Nice piece ! Can you provide some details on what you used to shape, Lancelot tool? hand carved?

Reactions: Thank You! 1


----------



## ThomasT (Jan 2, 2019)

Hello Turkey Hunter,

Most attractive.

Have a great day,
ThomasT

Reactions: Thank You! 1


----------



## barry richardson (Jan 2, 2019)

Nice! I love this kind of stuff, really like the way you left most of the outside natural...

Reactions: Thank You! 1


----------



## David Van Asperen (Jan 2, 2019)

I too like the natural outside , but the whole project is fabulous
Dave

Reactions: Thank You! 1 | Agree 1


----------



## Jamesis (Jan 2, 2019)

Albert Kiebert said:


> Can you provide some details on what you used to shape, Lancelot tool? hand carved?

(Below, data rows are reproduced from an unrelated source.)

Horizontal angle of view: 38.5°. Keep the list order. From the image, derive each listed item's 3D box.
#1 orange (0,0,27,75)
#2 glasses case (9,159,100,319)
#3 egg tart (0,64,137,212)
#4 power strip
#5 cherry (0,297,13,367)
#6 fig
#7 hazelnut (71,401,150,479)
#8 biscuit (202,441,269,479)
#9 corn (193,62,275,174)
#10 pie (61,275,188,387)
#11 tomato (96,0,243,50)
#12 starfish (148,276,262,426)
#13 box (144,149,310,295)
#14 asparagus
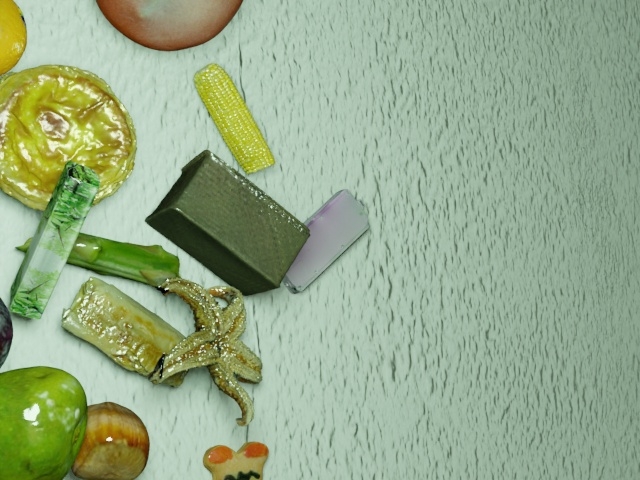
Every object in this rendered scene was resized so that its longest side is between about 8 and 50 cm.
[{"bbox_3d":[-0.609,-0.369,1.619,0.178,0.155,0.177,2,75,-9],"label":"orange"},{"bbox_3d":[-0.469,0.000,1.616,0.062,0.095,0.272,22,106,-24],"label":"glasses case"},{"bbox_3d":[-0.490,-0.186,1.701,0.295,0.116,0.294,1,87,-29],"label":"egg tart"},{"bbox_3d":[0.000,0.000,2.032,0.279,0.037,0.109,-43,105,-29],"label":"power strip"},{"bbox_3d":[-0.640,0.133,1.481,0.255,0.296,0.218,4,112,-61],"label":"cherry"},{"bbox_3d":[-0.548,0.320,1.568,0.233,0.314,0.232,1,90,-65],"label":"fig"},{"bbox_3d":[-0.393,0.373,1.692,0.150,0.150,0.150,5,81,-32],"label":"hazelnut"},{"bbox_3d":[-0.158,0.538,1.865,0.166,0.036,0.249,-1,85,-31],"label":"biscuit"},{"bbox_3d":[-0.183,-0.254,1.924,0.081,0.081,0.248,-36,103,-31],"label":"corn"},{"bbox_3d":[-0.367,0.178,1.755,0.282,0.068,0.128,39,62,-31],"label":"pie"},{"bbox_3d":[-0.290,-0.520,1.753,0.322,0.322,0.321,5,81,-32],"label":"tomato"},{"bbox_3d":[-0.210,0.215,1.779,0.303,0.113,0.311,-11,79,-61],"label":"starfish"},{"bbox_3d":[-0.184,-0.028,1.821,0.273,0.184,0.143,39,65,-16],"label":"box"},{"bbox_3d":[-0.403,0.033,1.751,0.343,0.082,0.085,19,117,-27],"label":"asparagus"}]

That's what I'm wondering.

Been thinkin about buying on of those power carving tools.

Reactions: Like 1


----------



## TurkeyHunter (Jan 2, 2019)

Albert Kiebert said:


> Nice piece ! Can you provide some details on what you used to shape, Lancelot tool? hand carved?


King Author Galahad Course.

Reactions: Like 1 | Agree 1 | Funny 1


----------



## Jamesis (Jan 2, 2019)

TurkeyHunter said:


> King Author Galahad Course.



Is one-o-them-thangs difficult to handle?


----------



## TurkeyHunter (Jan 2, 2019)

Jamesis said:


> Is one-o-them-thangs difficult to handle?


I did not think so. I read a lot where people were freaking out saying it would jerk etc. Maybe on green wood, but my spalted wood was easy to control (even a caveman could do it).


----------



## Bigg081 (Jan 11, 2019)

Mike, gorgeous piece! You and your buddy have a great stash over there!


----------